Yet, $\{\Ket x\}$ serves as a good basis for continuous case.
The wave function $\psi(\bullet)$ can be expressed as a superposition of all basis vectors $\Ket x$.
$\displaystyle \psi(\bullet) =\int_{-\infty}^{+\infty}\delta_x(\bullet)~\psi(x)~dx =\int_{-\infty}^{+\infty}\Ket x\psi(x)~dx .$
It can be further elaborate as $\displaystyle \Ket\psi =\int_{-\infty}^{+\infty}\Ket x\Braket{x\Verti\psi}~dx =\left(\int_{-\infty}^{+\infty}\Ket x\Bra x~dx\right)\Ket\psi .$
Therefore, we can define $\displaystyle\HAT I\equiv\int_{-\infty}^{+\infty}\Ket x\Bra x~dx.$
Alternatively, $\displaystyle\HAT I=\int_{-\infty}^{+\infty}P_x~dx,$ where $P_x=\Ket x\Bra x$ is a projection operator onto $\Ket x$.
An observable is a measurement operator, which is a series of projection operators "attached" with a measurement result. $\displaystyle Q\equiv\sum_i q_iP_i.$
In the continuous case: $\displaystyle Q=\int_{-\infty}^{+\infty}q\Ket q\Bra q~dq,$ where $\Ket q$ are basis vectors.

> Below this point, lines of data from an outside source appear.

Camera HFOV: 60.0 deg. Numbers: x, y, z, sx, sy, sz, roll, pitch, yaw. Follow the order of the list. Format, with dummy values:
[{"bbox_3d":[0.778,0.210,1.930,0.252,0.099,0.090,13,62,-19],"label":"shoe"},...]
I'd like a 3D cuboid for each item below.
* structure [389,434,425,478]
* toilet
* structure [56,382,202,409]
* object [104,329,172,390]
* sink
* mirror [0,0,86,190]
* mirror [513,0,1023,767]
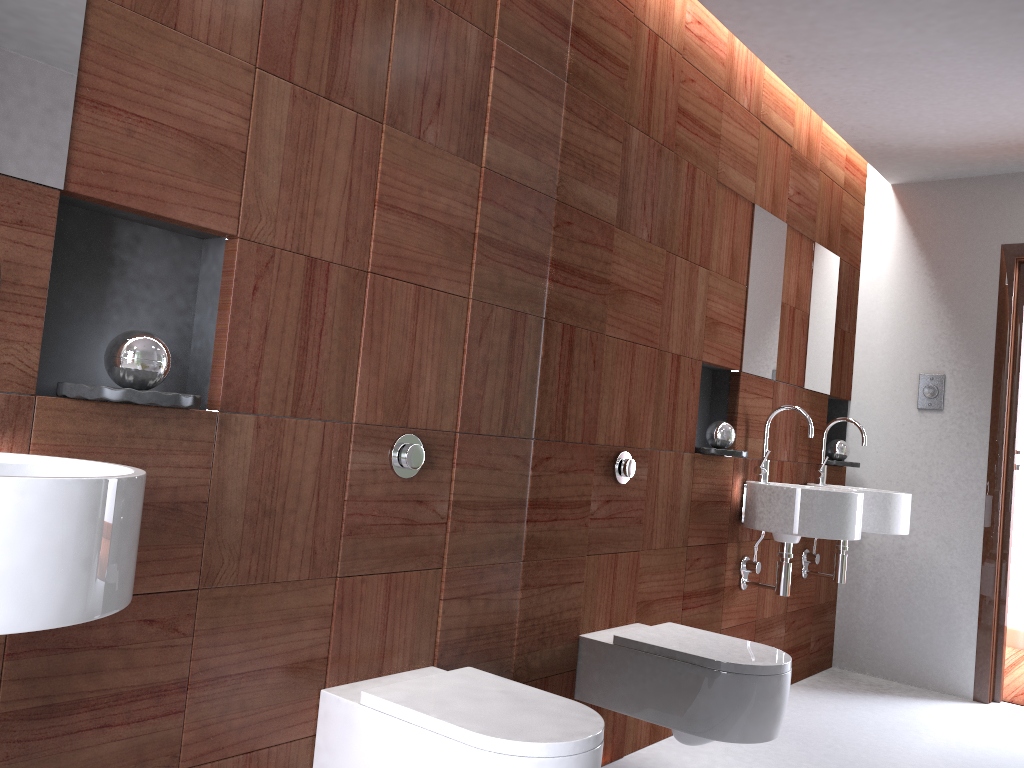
[{"bbox_3d":[-0.222,0.159,1.947,0.034,0.098,0.098,3,-4,39],"label":"structure"},{"bbox_3d":[-0.085,0.761,1.746,0.547,0.284,0.329,3,-4,39],"label":"toilet"},{"bbox_3d":[-0.631,0.020,1.470,0.222,0.023,0.220,4,-4,29],"label":"structure"},{"bbox_3d":[-1.004,-0.102,0.980,0.104,0.104,1.350,3,-4,39],"label":"object"},{"bbox_3d":[-0.678,0.152,1.087,0.417,0.715,0.415,3,-4,39],"label":"sink"},{"bbox_3d":[-0.763,-0.631,1.263,0.010,0.635,0.316,3,-4,39],"label":"mirror"},{"bbox_3d":[0.648,-0.098,1.881,1.433,2.183,0.019,3,-4,39],"label":"mirror"}]
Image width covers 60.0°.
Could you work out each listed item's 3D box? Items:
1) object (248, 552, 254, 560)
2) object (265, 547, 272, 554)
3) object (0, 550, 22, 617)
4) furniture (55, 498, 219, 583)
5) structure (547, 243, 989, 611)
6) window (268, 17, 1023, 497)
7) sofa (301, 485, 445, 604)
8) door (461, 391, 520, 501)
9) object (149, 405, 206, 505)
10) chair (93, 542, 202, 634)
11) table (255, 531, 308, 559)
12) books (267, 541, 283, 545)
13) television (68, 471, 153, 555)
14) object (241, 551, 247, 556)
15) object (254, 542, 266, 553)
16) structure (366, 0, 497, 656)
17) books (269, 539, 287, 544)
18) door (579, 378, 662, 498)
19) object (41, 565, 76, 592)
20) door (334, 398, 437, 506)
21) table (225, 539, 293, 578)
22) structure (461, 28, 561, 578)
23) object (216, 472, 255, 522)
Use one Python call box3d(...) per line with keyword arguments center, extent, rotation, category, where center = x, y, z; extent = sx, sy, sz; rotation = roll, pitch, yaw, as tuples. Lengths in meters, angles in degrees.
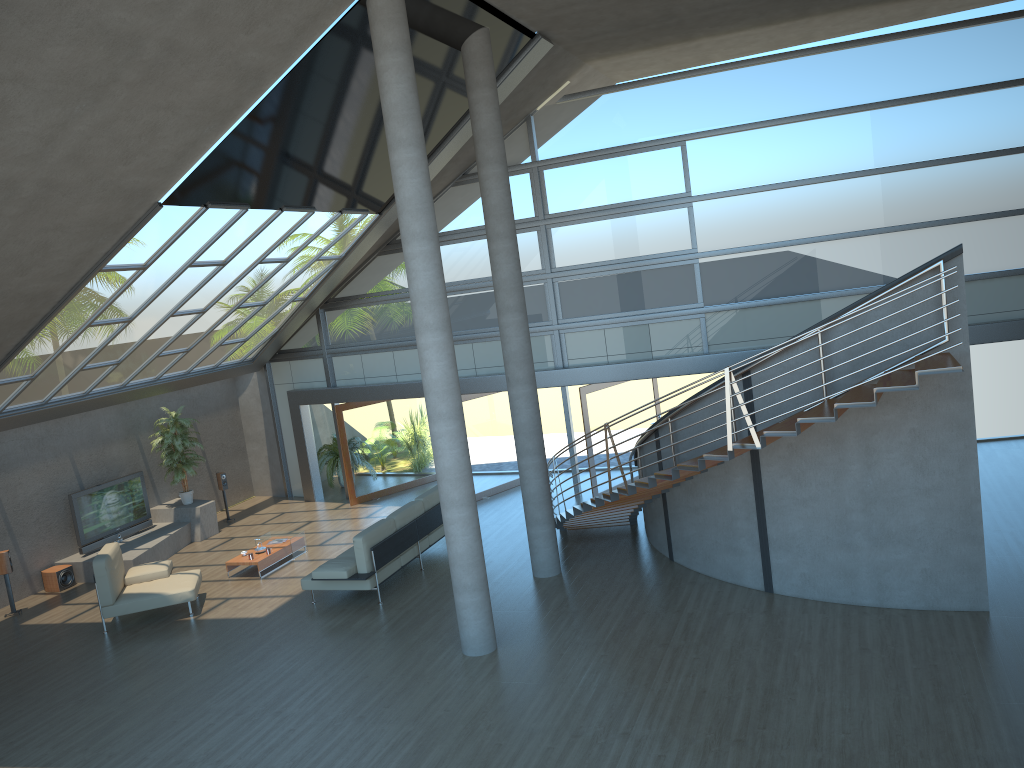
box3d(center=(-3.945, 2.596, 13.378), extent=(0.085, 0.101, 0.070), rotation=(-5, 7, 20), category="object")
box3d(center=(-3.719, 2.545, 13.553), extent=(0.085, 0.101, 0.070), rotation=(-13, 9, -40), category="object")
box3d(center=(-7.416, 2.929, 13.016), extent=(0.234, 0.959, 0.171), rotation=(-9, 7, -13), category="object")
box3d(center=(-6.188, 2.656, 15.474), extent=(1.577, 0.610, 2.936), rotation=(-5, 7, 21), category="furniture")
box3d(center=(2.127, 0.580, 10.380), extent=(2.349, 3.653, 6.809), rotation=(-12, 8, -30), category="structure")
box3d(center=(2.470, -1.532, 15.036), extent=(16.616, 6.630, 1.098), rotation=(-5, 7, 20), category="window")
box3d(center=(-1.837, 2.230, 12.730), extent=(1.166, 0.947, 3.079), rotation=(-5, 7, 21), category="sofa")
box3d(center=(-0.260, 1.025, 16.517), extent=(0.200, 1.977, 2.298), rotation=(-1, 9, 45), category="door")
box3d(center=(-6.110, 1.297, 16.262), extent=(0.932, 1.857, 0.895), rotation=(-10, 7, -20), category="object")
box3d(center=(-4.989, 2.664, 12.251), extent=(1.244, 1.023, 1.217), rotation=(-9, 7, -13), category="chair")
box3d(center=(-3.699, 2.585, 14.226), extent=(0.680, 0.342, 0.400), rotation=(-5, 7, 21), category="table")
box3d(center=(-3.769, 2.528, 14.162), extent=(0.275, 0.005, 0.189), rotation=(-8, 7, 2), category="books")
box3d(center=(-6.810, 2.192, 15.131), extent=(0.396, 1.063, 1.568), rotation=(-5, 7, 21), category="television")
box3d(center=(-4.117, 2.597, 13.634), extent=(0.102, 0.086, 0.100), rotation=(-5, 7, 25), category="object")
box3d(center=(-3.889, 2.522, 13.683), extent=(0.178, 0.161, 0.178), rotation=(-11, 7, -27), category="object")
box3d(center=(-0.827, -0.647, 9.166), extent=(0.381, 7.125, 0.382), rotation=(-5, 7, 21), category="structure")
box3d(center=(-3.736, 2.514, 14.202), extent=(0.275, 0.005, 0.189), rotation=(-7, 7, 5), category="books")
box3d(center=(1.997, 0.829, 15.570), extent=(0.200, 1.977, 2.298), rotation=(-2, 9, 42), category="door")
box3d(center=(-7.246, 3.095, 14.121), extent=(0.425, 0.323, 0.362), rotation=(-5, 7, 21), category="object")
box3d(center=(-2.367, 1.176, 17.664), extent=(2.298, 1.977, 0.200), rotation=(-13, 9, -39), category="door")
box3d(center=(-3.831, 2.701, 13.862), extent=(0.600, 0.250, 1.200), rotation=(-5, 7, 21), category="table")
box3d(center=(-0.015, -1.011, 11.315), extent=(0.381, 7.125, 0.382), rotation=(-11, 7, -25), category="structure")
box3d(center=(-7.937, 2.715, 15.528), extent=(7.863, 0.982, 21.345), rotation=(-5, 7, 25), category="object")
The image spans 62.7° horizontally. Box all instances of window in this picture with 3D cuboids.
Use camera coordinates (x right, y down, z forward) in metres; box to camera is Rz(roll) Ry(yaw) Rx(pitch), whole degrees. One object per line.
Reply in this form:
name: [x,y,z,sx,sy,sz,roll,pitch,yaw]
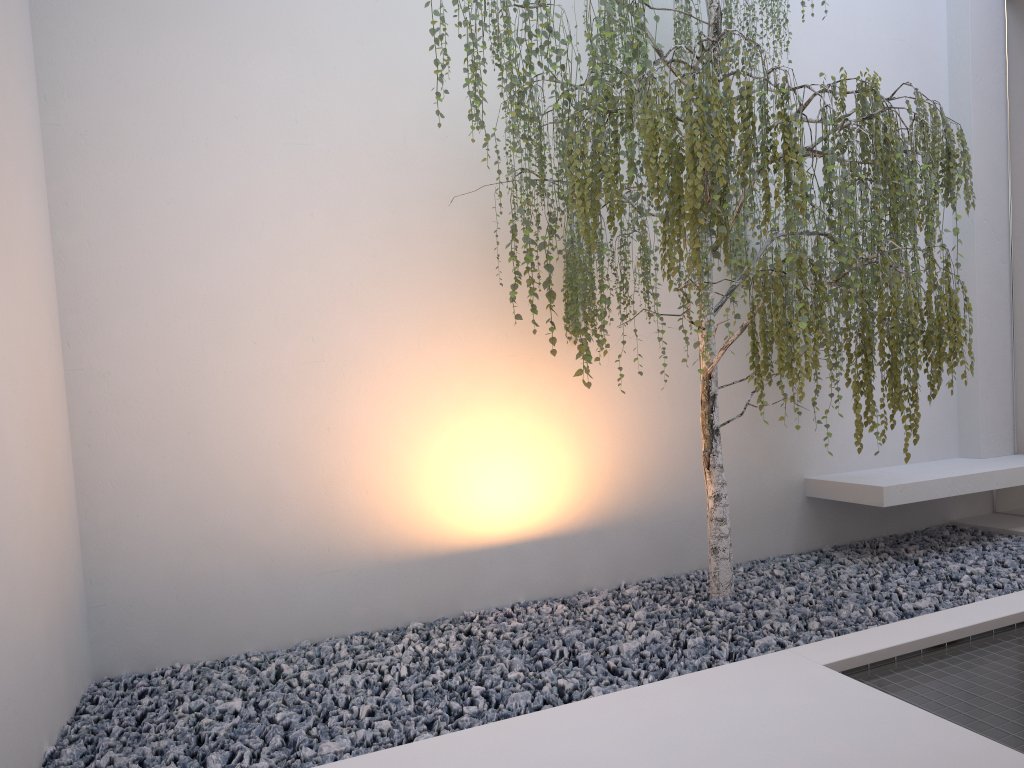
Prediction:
window: [3.392,-0.820,4.147,0.055,3.272,2.546,-6,2,-17]

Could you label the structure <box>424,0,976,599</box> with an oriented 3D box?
structure: [0.936,-1.019,3.468,2.702,4.012,1.564,-5,3,-28]

When measuring $\Ket\psi,$ we have $\displaystyle \Braket{\psi\Verti Q\Verti\psi} =\Bra\psi\left(\int_{-\infty}^{+\infty}q\Ket q\Bra q~dq\right)\Ket\psi =\int_{-\infty}^{+\infty}q\Braket{\psi\Verti q}\Braket{q\Verti\psi}dq$
$\displaystyle =\int_{-\infty}^{+\infty}q~\psi(q)^*\psi(q)~dq =\int_{-\infty}^{+\infty}q~\big|\psi(q)\big|^2 dq =\Braket{Q_\psi} .$
$\Braket{\psi\Verti Q\Verti\psi}=\Braket{Q_\psi}$ is the expectation value of measurement of $Q$ on the quantum state $\Ket\psi$.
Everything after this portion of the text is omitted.